Spatial Interpolation of Extreme Values

TL;DR

This paper presents a novel spatial interpolation method for extreme environmental values, combining limited measurement data with climate model outputs, and employs a modified Monte Carlo EM algorithm to estimate the model parameters.

Contribution

It introduces a new approach for interpolating extreme values using Gaussian process-modulated GEV parameters and a modified EM algorithm for parameter estimation.

Findings

Model accurately estimates extremal features of rainfall.

Interpolated maps effectively visualize extreme rainfall patterns.

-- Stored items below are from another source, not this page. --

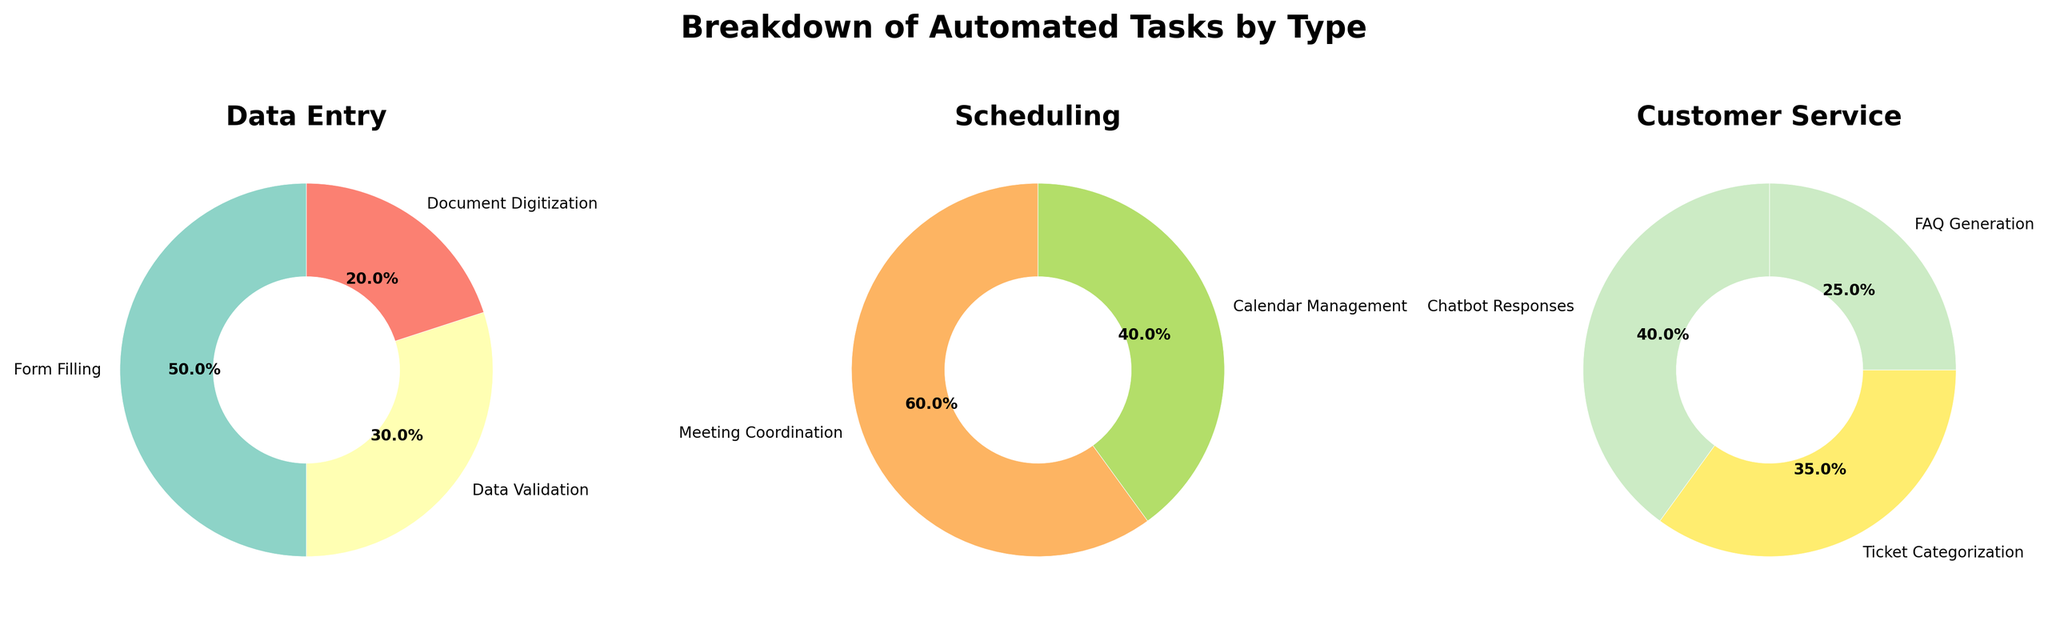What is the title of the figure? The title of the figure is located at the top and often in larger or bold text. It is meant to provide an overview of what the figure represents. The title of this figure is "Breakdown of Automated Tasks by Type."
Answer: Breakdown of Automated Tasks by Type Which category has the highest percentage of automated tasks? To determine this, look at the wedges in each pie chart and compare the percentages. The Data Entry category has the largest wedge with "Form Filling" at 25%.
Answer: Data Entry What is the total percentage of automated tasks in the Scheduling category? Sum the individual percentages of "Meeting Coordination" (18%) and "Calendar Management" (12%). The total percentage is 18% + 12% = 30%.
Answer: 30% Which task has the smallest percentage in the Customer Service category? Look at the wedges for the Customer Service pie chart and identify the smallest percentage. "FAQ Generation" has the smallest wedge at 5%.
Answer: FAQ Generation Compare the percentage of "Data Validation" and "Ticket Categorization." Which one is greater? "Data Validation" has a percentage of 15%, and "Ticket Categorization" has a percentage of 7%. Since 15% is greater than 7%, "Data Validation" has the greater percentage.
Answer: Data Validation What is the combined percentage of all tasks in the Data Entry category? Add the percentages of "Form Filling" (25%), "Data Validation" (15%), and "Document Digitization" (10%). The combined percentage is 25% + 15% + 10% = 50%.
Answer: 50% How many tasks are there in the Scheduling category? Count the number of labeled wedges in the Scheduling pie chart. There are two tasks: "Meeting Coordination" and "Calendar Management."
Answer: 2 Which category has the least number of tasks? Count the labeled wedges in each pie chart for Data Entry, Scheduling, and Customer Service. Customer Service has three tasks, Scheduling has two tasks, and Data Entry has three tasks. Scheduling has the least number of tasks.
Answer: Scheduling What is the average percentage per task in the Customer Service category? To find the average, sum the percentages for "Chatbot Responses" (8%), "Ticket Categorization" (7%), and "FAQ Generation" (5%) and then divide by the number of tasks. The sum is 8% + 7% + 5% = 20%. There are three tasks, so 20% / 3 = approximately 6.67%.
Answer: 6.67% Which pie chart has the highest number of wedges? Count the wedges in each pie chart. Data Entry has three wedges, Scheduling has two wedges, and Customer Service has three wedges. So, Data Entry and Customer Service have the highest number of wedges.
Answer: Data Entry, Customer Service 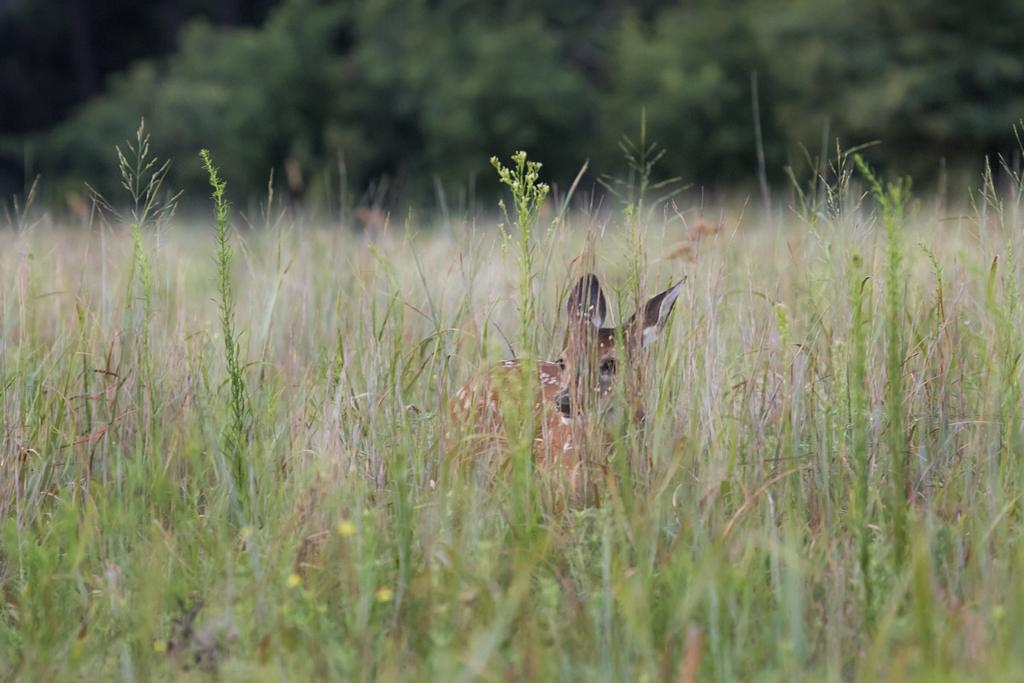What type of animal is in the image? The animal in the image is brown in color. What can be seen in the background of the image? There are trees and plants in the background of the image. What color are the plants in the image? The plants in the image are green in color. What type of liquid can be seen in the animal's bath in the image? There is no bath or liquid present in the image; it features an animal and plants in the background. 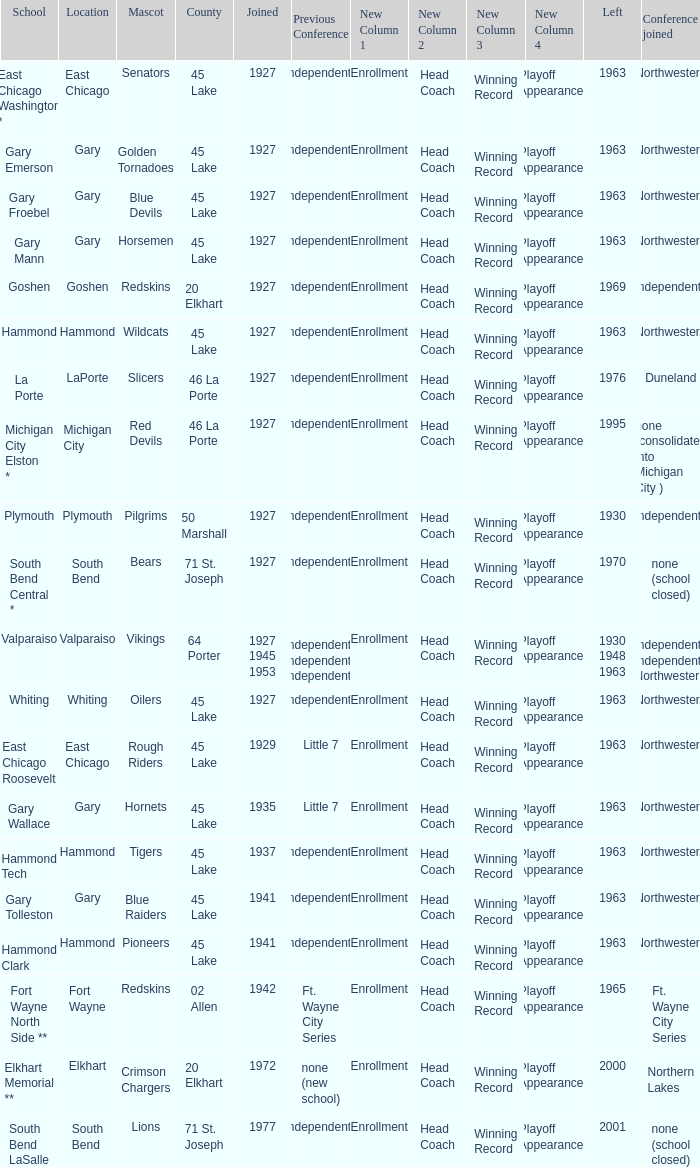Which conference held at School of whiting? Independents.

Method integrates measurement data with climate model outputs.

Abstract

This paper introduces a method for spatial interpolation of extreme values, and in particular targets the case in which conventional data, resulting from a measurement for example, are available at only a few locations. To overcome this the conventional data are supplemented with output from a computer simulator. For environmental applications, such as extreme rainfall as we study here, the simulator could be a regional climate model. Annual maxima are studied and assumed to follow the generalised extreme value (GEV) distribution and dependence is accommodated between maxima by its parameters following Gaussian processes. The GEV's parameters are now random and so a modification to the Monte Carlo EM algorithm is presented so that the model's parameters can be estimated. Then a variety of checks for the model's goodness of fit are given. For the extreme rainfall application we find that the model estimates a variety of extremal features of interest well, and then show how specific features can be interpolated based on the model so that maps can be produced.